[Stored items from a collection]
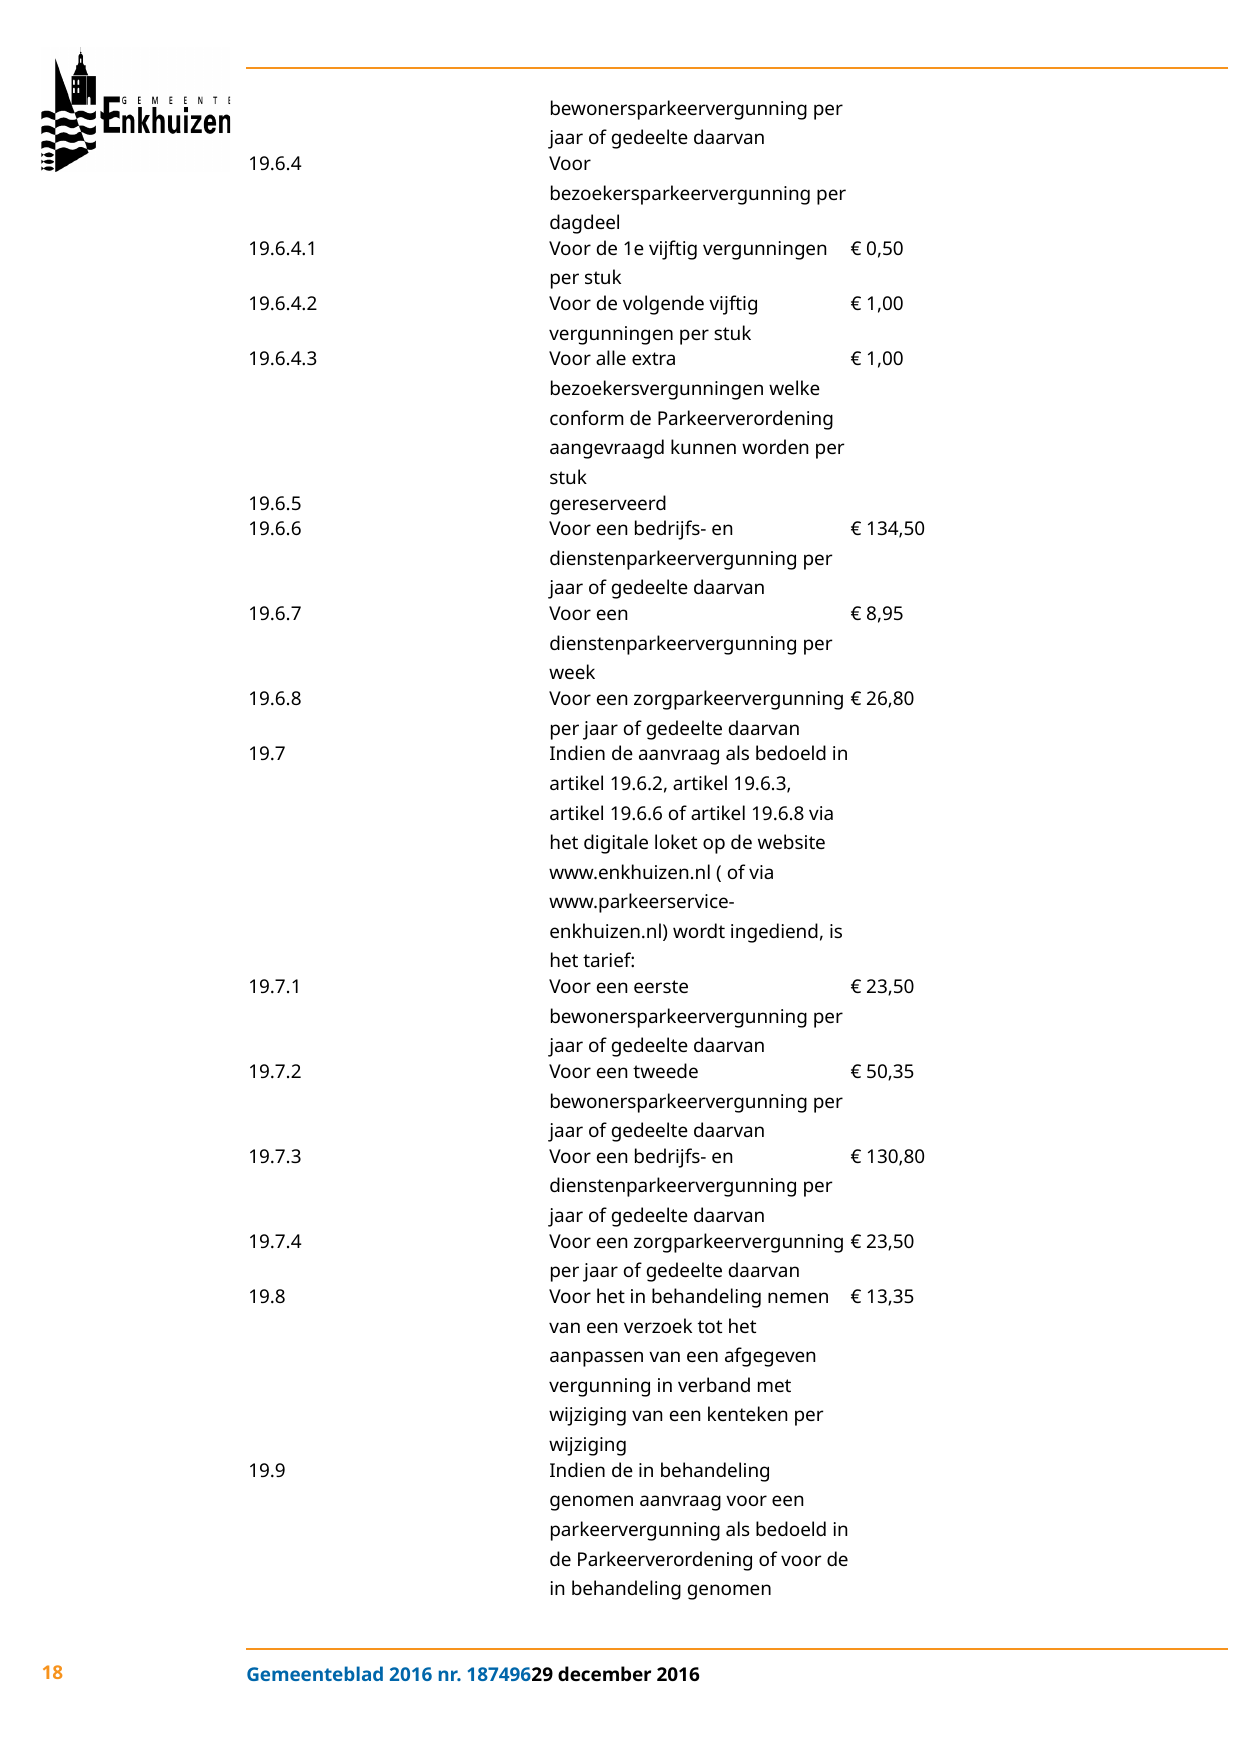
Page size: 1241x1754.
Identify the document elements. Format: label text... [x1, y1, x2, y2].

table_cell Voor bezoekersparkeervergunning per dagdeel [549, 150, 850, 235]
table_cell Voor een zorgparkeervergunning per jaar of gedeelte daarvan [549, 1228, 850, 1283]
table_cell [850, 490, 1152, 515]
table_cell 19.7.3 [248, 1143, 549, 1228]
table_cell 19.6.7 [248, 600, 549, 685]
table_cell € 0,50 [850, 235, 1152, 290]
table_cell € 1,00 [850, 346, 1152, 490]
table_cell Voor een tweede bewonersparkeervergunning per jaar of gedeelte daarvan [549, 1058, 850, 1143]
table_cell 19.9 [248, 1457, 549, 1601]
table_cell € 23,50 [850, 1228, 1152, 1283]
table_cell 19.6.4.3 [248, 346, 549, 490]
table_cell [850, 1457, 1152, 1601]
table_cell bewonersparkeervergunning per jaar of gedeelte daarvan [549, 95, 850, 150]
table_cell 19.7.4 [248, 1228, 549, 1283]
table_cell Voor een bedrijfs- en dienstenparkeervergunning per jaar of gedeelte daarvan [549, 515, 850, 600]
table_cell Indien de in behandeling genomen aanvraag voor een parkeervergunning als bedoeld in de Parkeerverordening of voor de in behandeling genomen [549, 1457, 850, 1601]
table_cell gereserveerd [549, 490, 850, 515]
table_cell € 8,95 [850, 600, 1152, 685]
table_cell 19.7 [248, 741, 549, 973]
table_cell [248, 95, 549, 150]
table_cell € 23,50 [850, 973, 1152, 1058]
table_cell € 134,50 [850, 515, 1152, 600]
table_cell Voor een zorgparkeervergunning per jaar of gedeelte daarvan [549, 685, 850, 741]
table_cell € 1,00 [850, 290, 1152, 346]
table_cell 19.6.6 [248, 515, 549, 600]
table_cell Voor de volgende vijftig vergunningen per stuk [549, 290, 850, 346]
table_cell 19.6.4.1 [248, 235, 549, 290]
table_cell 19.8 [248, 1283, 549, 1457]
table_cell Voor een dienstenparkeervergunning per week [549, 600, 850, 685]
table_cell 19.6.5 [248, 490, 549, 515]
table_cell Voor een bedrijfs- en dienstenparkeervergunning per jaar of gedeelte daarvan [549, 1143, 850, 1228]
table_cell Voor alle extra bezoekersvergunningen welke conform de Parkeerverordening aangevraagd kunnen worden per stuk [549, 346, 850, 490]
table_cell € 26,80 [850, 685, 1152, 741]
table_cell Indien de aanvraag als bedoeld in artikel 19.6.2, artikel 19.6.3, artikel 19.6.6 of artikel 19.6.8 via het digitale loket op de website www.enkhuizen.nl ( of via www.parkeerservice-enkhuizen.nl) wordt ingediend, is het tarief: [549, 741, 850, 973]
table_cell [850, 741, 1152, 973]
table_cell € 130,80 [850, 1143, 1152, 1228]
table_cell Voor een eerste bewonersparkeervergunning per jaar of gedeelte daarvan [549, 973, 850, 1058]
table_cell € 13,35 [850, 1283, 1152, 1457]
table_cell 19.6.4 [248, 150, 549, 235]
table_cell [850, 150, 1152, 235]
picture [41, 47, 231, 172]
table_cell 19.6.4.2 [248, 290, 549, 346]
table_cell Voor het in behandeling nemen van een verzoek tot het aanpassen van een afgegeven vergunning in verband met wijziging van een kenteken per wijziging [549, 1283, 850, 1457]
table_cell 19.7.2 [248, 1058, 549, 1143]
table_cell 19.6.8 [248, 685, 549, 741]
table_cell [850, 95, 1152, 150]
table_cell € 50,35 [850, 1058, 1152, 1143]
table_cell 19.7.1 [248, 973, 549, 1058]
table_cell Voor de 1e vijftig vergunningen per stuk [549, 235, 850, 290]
...
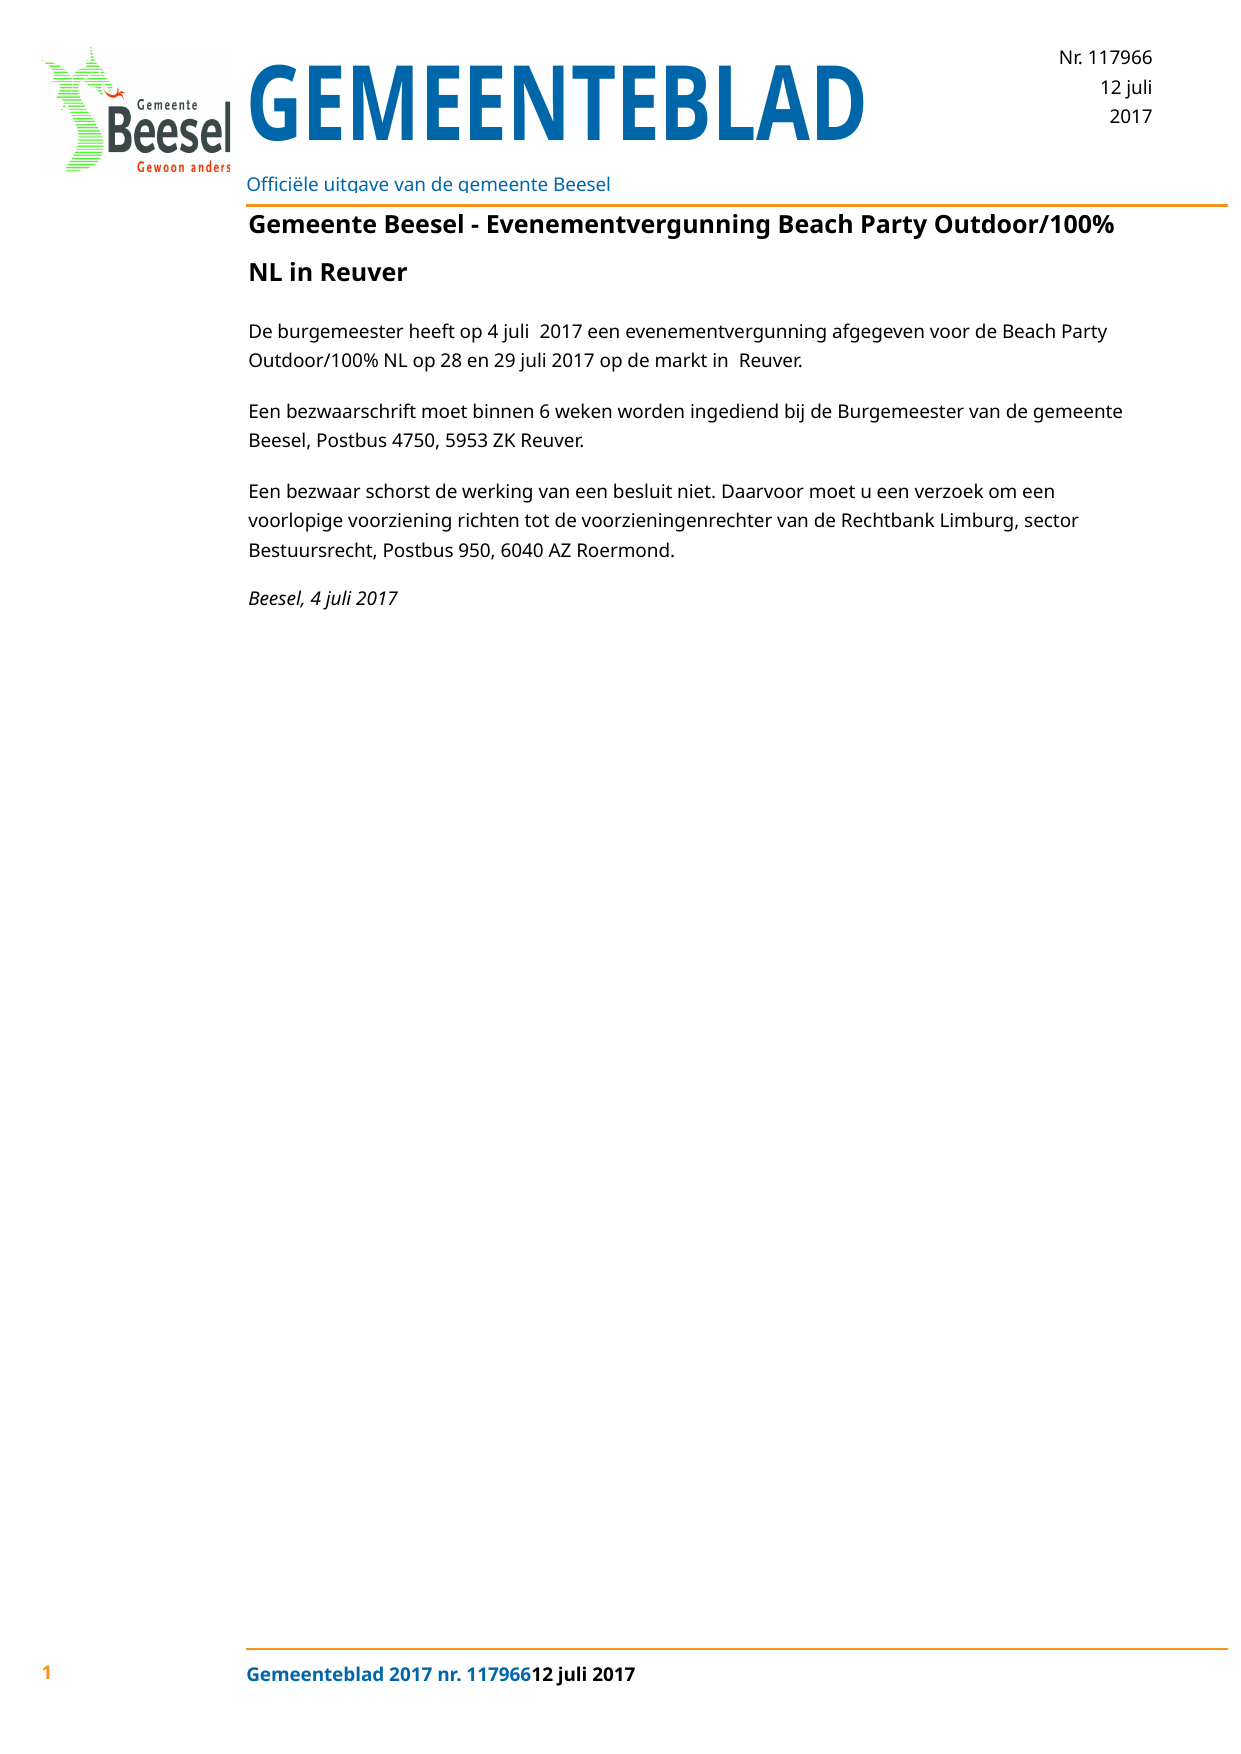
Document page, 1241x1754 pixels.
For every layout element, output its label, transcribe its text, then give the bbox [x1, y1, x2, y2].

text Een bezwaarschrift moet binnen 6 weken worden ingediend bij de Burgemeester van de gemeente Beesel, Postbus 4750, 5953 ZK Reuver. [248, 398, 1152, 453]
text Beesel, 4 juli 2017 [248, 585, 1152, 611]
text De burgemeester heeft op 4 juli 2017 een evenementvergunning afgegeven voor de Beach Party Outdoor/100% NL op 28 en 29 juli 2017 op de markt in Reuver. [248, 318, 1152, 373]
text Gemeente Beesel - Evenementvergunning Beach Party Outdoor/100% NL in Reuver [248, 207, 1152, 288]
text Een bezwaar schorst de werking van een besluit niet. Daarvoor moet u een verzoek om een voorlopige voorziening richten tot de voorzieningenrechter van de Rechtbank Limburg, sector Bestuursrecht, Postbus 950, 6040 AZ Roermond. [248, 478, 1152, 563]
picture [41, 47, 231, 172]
---
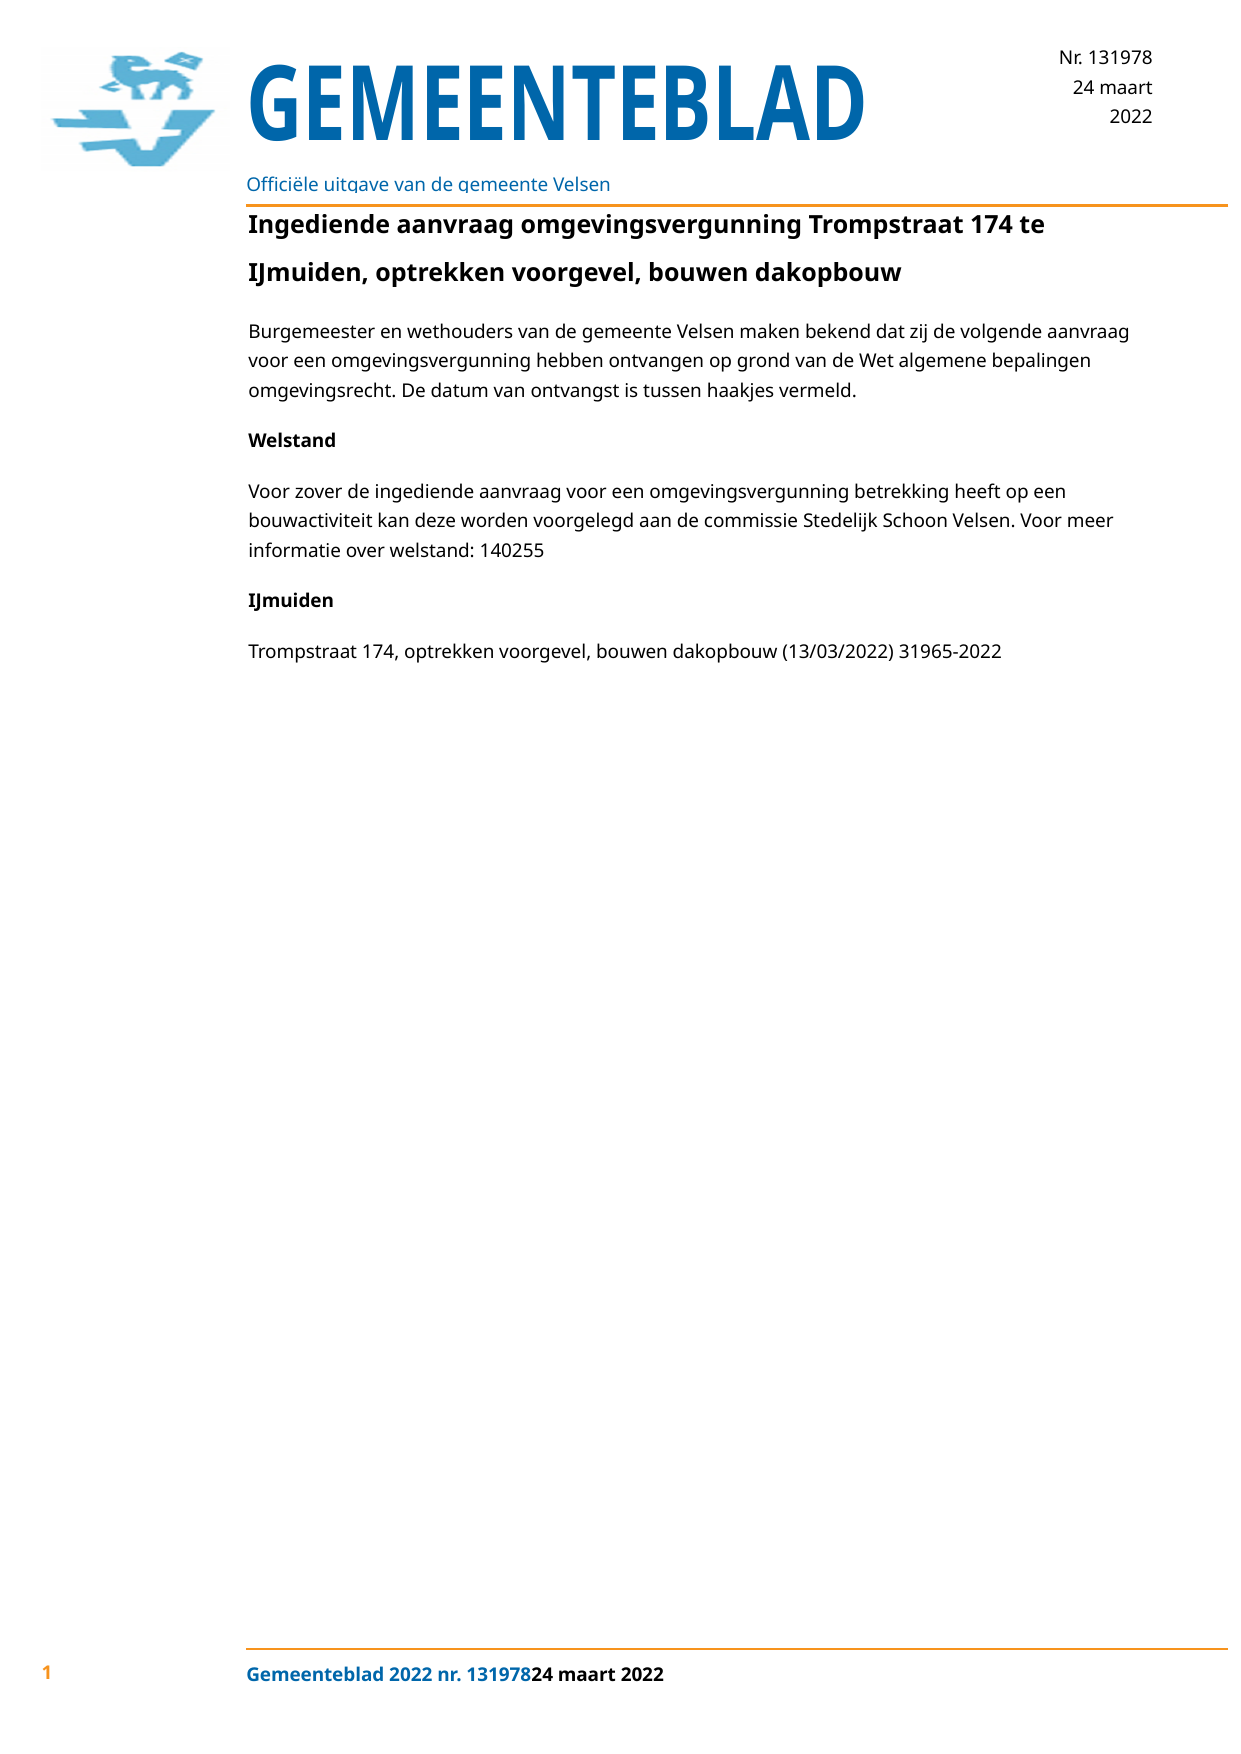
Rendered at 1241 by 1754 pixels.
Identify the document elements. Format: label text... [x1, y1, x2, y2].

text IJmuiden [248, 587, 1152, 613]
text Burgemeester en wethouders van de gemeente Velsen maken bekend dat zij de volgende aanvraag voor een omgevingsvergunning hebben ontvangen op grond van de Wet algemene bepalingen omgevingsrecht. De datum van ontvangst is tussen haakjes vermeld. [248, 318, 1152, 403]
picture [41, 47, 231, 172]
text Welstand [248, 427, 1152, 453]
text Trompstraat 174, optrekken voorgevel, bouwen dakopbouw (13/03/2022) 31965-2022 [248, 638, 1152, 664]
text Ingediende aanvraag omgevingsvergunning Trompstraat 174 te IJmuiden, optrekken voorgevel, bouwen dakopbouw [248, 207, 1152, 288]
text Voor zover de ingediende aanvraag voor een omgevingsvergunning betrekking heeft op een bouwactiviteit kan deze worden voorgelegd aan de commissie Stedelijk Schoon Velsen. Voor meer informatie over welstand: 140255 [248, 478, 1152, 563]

YOUR INSTRUCTIONS: Considering only the data above, return the lines in which "pixels" occurs.

TASK RESPONSE:
Document page, 1241x1754 pixels.
Rendered at 1241 by 1754 pixels.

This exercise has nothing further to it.